Un avión militar tipo Lockheed C-130 Hércules de la Fuerza Aérea Colombiana se estrelló este lunes en inmediaciones del municipio de Puerto Leguízamo, en la región amazónica del país, poco después de haber despegado, según informaron autoridades y medios internacionales.
De acuerdo con reportes preliminares, la aeronave transportaba a un grupo numeroso de militares, con estimaciones que oscilan entre 80 y 110 soldados a bordo. Sin embargo, las autoridades colombianas no han confirmado aún el número exacto de ocupantes ni el balance oficial de víctimas.
El accidente ocurrió en una zona de difícil acceso, lo que ha complicado las labores de rescate y atención de la emergencia. Equipos de búsqueda y salvamento fueron desplegados en el área, mientras unidades militares y organismos de socorro intentan establecer la magnitud del siniestro.

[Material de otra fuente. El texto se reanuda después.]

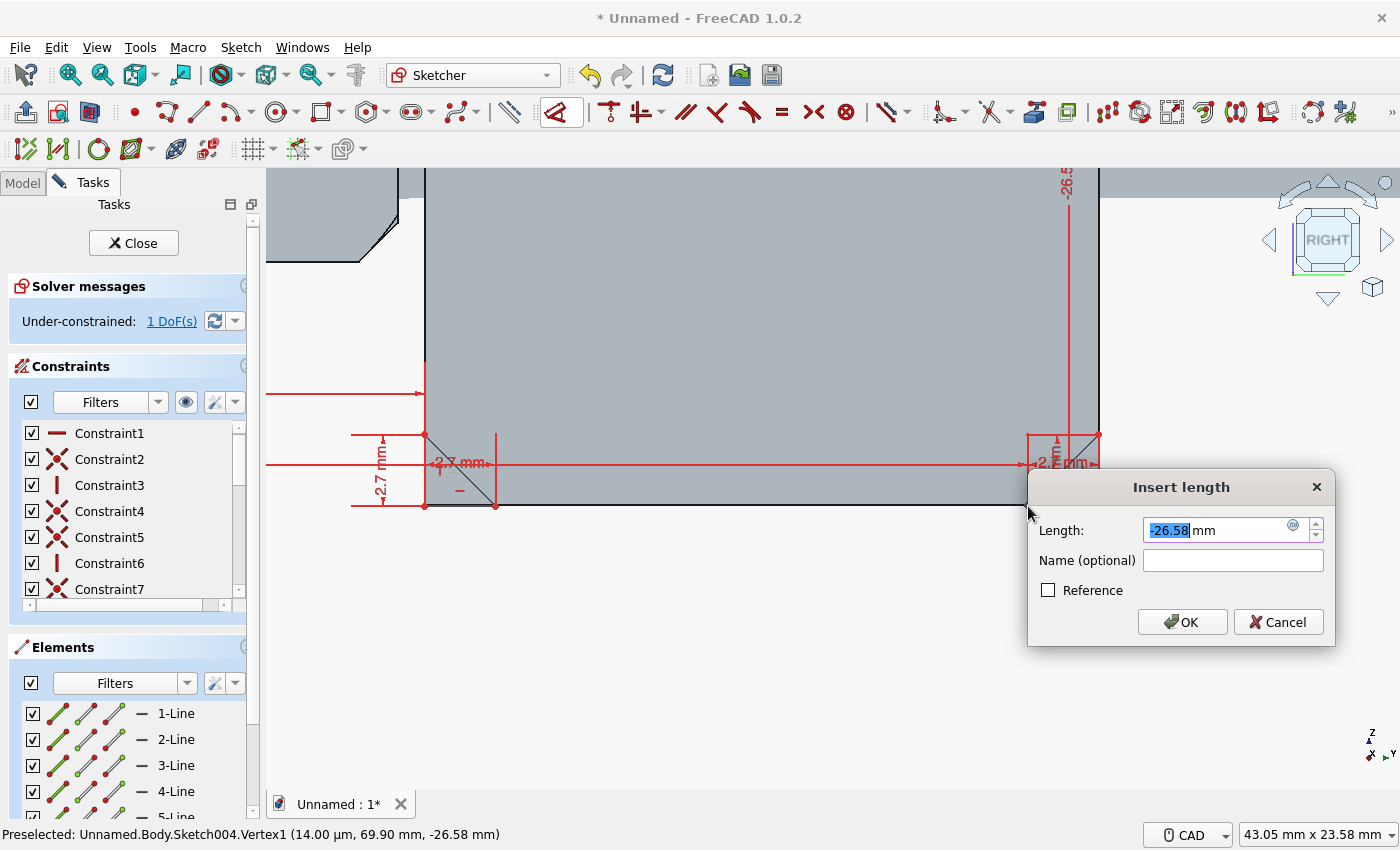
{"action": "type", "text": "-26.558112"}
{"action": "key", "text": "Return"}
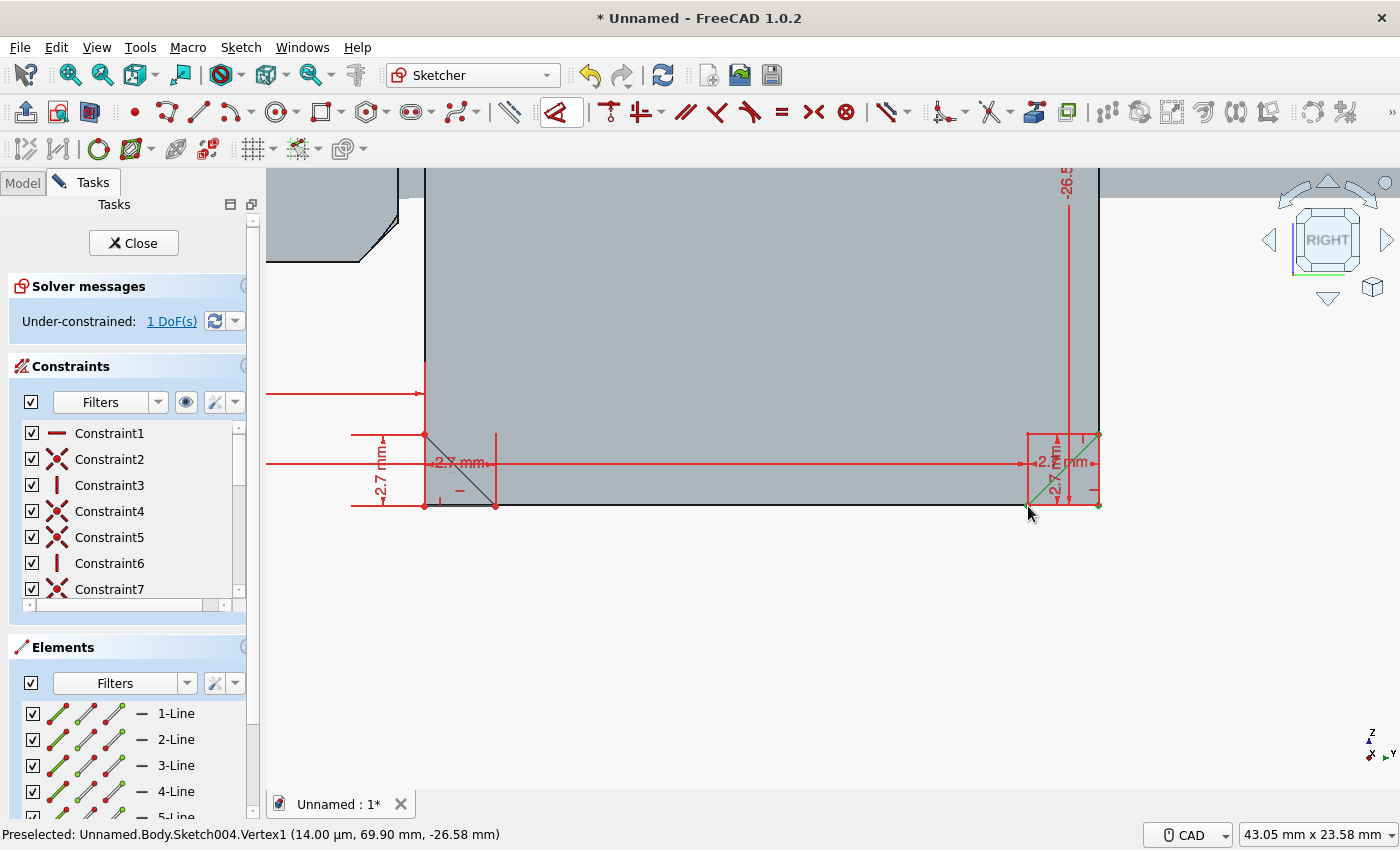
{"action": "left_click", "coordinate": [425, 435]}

Informes iniciales señalan que algunos sobrevivientes habrían sido evacuados con vida, aunque esta información continúa bajo verificación. La incertidumbre persiste en torno al estado de los ocupantes, en medio de versiones contradictorias que circulan en las primeras horas tras el incidente.
Las autoridades también han indicado que las causas del accidente permanecen bajo investigación. Entre las hipótesis preliminares no confirmadas se consideran posibles fallas mecánicas o condiciones adversas durante la fase de despegue.
El accidente ha generado conmoción en Colombia, particularmente en el ámbito militar, debido a la magnitud potencial del hecho y al número de efectivos que viajaban en la aeronave. Se espera que en las próximas horas el Gobierno y la Fuerza Aérea Colombiana emitan un informe oficial con datos consolidados.
Este nuevo siniestro reabre el debate sobre las condiciones operativas y de mantenimiento de las aeronaves militares en la región, así como los protocolos de seguridad en vuelos de transporte de personal en zonas de alto riesgo geográfico.